**TASK TO COMPLETE**
Only one stretch of the data is wanted: the line containing "5) car (1002,503,1048,550)", the line containing "7) car (914,537,968,587)", and every line between them, copied exactly.

━━━━━━━━━━━━━━━━━━━━━━━━━━━━━━

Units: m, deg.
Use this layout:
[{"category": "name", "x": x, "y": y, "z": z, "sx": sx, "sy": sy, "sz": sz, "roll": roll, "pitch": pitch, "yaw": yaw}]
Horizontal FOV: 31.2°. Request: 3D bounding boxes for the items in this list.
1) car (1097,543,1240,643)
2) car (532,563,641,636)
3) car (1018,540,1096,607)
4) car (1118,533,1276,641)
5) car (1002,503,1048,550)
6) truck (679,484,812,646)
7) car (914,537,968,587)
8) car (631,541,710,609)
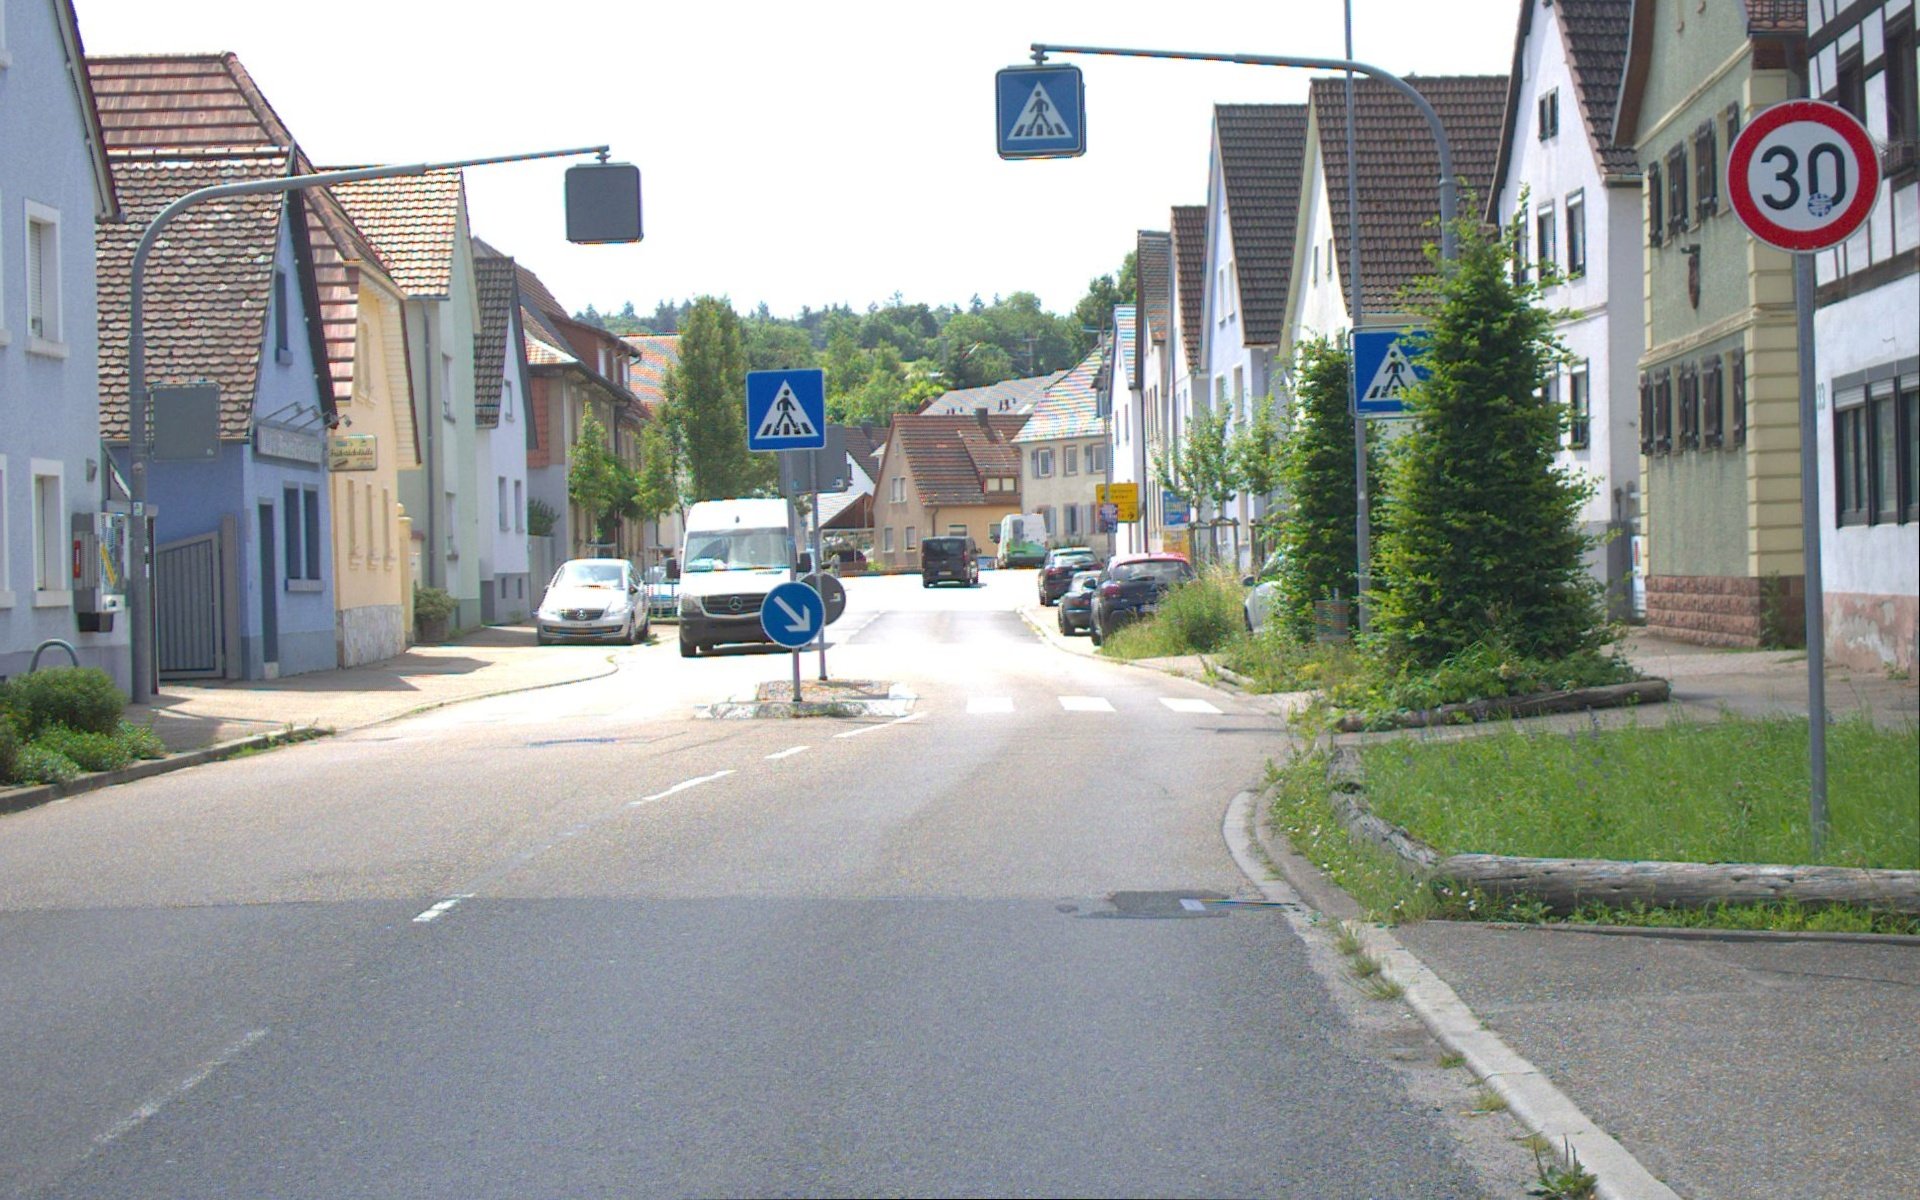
[{"category": "car", "x": 3.280, "y": -0.089, "z": 54.842, "sx": 1.993, "sy": 1.503, "sz": 4.000, "roll": 0, "pitch": -1, "yaw": -1}, {"category": "car", "x": -7.093, "y": 0.008, "z": 65.469, "sx": 1.993, "sy": 1.317, "sz": 3.709, "roll": 0, "pitch": -1, "yaw": -6}, {"category": "car", "x": 2.759, "y": -0.727, "z": 98.539, "sx": 1.993, "sy": 1.810, "sz": 4.000, "roll": 0, "pitch": -1, "yaw": -2}, {"category": "car", "x": 3.449, "y": -0.163, "z": 50.728, "sx": 1.993, "sy": 1.503, "sz": 4.000, "roll": 0, "pitch": -1, "yaw": -1}, {"category": "car", "x": 3.012, "y": -3.411, "z": 159.780, "sx": 1.993, "sy": 2.007, "sz": 4.000, "roll": 0, "pitch": -1, "yaw": -1}, {"category": "truck", "x": -3.560, "y": -0.513, "z": 58.119, "sx": 1.993, "sy": 2.528, "sz": 6.739, "roll": 0, "pitch": -1, "yaw": -1}, {"category": "car", "x": -0.764, "y": -1.485, "z": 135.481, "sx": 1.993, "sy": 1.810, "sz": 4.000, "roll": 0, "pitch": -1, "yaw": -2}, {"category": "car", "x": -7.181, "y": -0.598, "z": 85.617, "sx": 1.667, "sy": 1.590, "sz": 4.000, "roll": 0, "pitch": -1, "yaw": -1}]

━━━━━━━━━━━━━━━━━━━━━━━━━━━━━━

**RESPONSE TO THIS TASK**
5) car (1002,503,1048,550)
6) truck (679,484,812,646)
7) car (914,537,968,587)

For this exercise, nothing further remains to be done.